The cart is empty

Blocking bots

An internet bot, or web crawler, traverses websites on the internet to create a massive database/index. It automatically visits all available web pages and creates a database of content, access, architecture, and more.
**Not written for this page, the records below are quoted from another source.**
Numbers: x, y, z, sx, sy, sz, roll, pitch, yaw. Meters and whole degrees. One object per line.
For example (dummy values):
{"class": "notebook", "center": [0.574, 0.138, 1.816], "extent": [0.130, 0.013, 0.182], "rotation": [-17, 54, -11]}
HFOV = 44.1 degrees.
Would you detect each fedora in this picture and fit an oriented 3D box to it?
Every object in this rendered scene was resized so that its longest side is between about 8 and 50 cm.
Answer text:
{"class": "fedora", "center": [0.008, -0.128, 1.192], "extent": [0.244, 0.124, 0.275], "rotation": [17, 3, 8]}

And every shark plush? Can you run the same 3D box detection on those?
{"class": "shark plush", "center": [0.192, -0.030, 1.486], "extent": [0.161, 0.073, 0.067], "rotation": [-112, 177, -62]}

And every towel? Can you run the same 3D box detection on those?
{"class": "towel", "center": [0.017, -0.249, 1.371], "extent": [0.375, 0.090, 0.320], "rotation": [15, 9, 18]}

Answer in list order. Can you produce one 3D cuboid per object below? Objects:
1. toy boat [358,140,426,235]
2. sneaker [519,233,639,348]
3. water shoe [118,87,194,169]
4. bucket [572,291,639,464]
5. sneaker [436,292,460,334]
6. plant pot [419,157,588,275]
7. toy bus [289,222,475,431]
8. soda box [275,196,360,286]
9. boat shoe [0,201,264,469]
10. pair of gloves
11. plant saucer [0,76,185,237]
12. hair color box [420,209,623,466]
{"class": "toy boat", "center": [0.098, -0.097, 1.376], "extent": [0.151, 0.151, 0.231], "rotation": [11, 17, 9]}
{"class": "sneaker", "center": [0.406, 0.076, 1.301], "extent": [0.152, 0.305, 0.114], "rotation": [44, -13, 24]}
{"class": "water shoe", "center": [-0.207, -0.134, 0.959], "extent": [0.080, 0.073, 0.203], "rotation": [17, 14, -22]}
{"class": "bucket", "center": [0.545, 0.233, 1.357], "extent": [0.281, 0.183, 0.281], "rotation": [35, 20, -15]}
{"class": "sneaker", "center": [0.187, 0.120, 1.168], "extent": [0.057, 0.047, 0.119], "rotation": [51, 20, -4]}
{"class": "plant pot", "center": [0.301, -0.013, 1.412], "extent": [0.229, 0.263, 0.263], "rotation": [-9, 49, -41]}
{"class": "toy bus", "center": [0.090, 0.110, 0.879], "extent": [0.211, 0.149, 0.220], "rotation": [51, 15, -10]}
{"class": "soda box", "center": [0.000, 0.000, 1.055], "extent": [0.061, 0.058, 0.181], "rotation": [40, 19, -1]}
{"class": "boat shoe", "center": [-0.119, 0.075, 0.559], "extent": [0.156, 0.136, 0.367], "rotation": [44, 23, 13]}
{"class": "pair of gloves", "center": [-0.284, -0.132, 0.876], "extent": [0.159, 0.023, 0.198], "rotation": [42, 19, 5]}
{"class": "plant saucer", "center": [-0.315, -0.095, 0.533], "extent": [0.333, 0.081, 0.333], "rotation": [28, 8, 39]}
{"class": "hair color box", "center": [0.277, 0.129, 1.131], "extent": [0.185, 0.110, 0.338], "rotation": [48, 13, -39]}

Managing bots is worth it! By properly configuring bot access, you can significantly adjust your website's speed and security. Bots continually access your website. In some cases, dozens of bots may be active at the same time, processing hundreds to thousands of pages per second.

 

Website Performance

Small websites and e-shops usually don't need to worry about bots. A bot accesses the website and, within a few seconds, crawls the entire site. The load on the server increases slightly but then quickly subsides.
However, large websites can be problematic. A bot may start indexing the site, which can take a few minutes or even hours. The server load increases continuously until the server becomes unavailable. A common example is e-shops not using caching with more than 100,000 products. A well-constructed e-shop usually doesn't cause significant load, and bot indexing proceeds smoothly. However, problems can arise if multiple bots are active simultaneously.
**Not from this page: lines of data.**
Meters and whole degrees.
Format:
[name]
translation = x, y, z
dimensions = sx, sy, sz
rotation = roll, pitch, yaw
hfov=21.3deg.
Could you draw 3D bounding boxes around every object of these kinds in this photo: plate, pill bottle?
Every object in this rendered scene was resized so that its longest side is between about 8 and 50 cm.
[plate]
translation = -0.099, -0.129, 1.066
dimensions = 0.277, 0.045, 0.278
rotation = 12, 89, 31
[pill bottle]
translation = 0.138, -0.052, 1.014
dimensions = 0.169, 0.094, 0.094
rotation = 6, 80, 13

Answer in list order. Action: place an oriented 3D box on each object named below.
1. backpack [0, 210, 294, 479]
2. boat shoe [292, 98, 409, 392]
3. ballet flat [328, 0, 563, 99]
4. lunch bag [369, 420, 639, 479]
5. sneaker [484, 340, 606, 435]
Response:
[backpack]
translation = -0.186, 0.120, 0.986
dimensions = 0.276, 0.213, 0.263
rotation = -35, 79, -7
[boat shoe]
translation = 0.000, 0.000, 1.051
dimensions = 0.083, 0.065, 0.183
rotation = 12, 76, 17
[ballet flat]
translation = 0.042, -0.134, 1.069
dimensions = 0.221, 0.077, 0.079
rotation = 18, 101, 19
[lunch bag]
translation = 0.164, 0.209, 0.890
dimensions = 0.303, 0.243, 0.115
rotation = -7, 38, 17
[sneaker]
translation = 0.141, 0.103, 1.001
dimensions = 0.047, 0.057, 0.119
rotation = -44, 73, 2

Fortunately, it is possible to influence the speed of well-behaved bots by adding settings to /robots.txt

Crawl-Delay: 10 - The number 10 defines the number of seconds between indexing each page.

or influence crawling speed directly in the bot/search engine interface.

 

Security

Every website has parts you don't want to be searchable. Typically, these include administrative access, partner files, and so on. Blocking access for well-behaved bots can be easily done in robots.txt:

User-agent: *
Disallow: /Admin

= All bots are denied access to the /Admin directory.

Alternatively, you can block indexing only for specific bots:

User-agent: googlebot
Disallow: /B2B

= Google is denied access to the B2B directory. Google can still crawl other parts of the site. Other bots can crawl everything.

 

Good vs. Bad Bots

So why do we talk about good bots throughout this article? A good bot is one that respects the rules set in robots.txt or whose settings can be adjusted in its admin interface.

Good Bots:

  • Search engine bots
  • Website and server availability monitoring bots
  • CDN caching bots (MaxCDN, Cloudflare, CDN77, Akamai, ...)

Bad Bots:

  • Marketing agency bots
  • Competitor price monitoring bots
  • SEO tool bots
  • Brute-force validation bypassing bots (/wp-admin)
  • Bots attacking websites via SQL injection

 

How to Block Bad Bots from Your Website?

The only option is to block bots via .htaccess

You can block bot IP addresses:

Order Deny,Allow
Deny from 111.111.111.111

But bad bots often change IP addresses or access from multiple IP ranges simultaneously.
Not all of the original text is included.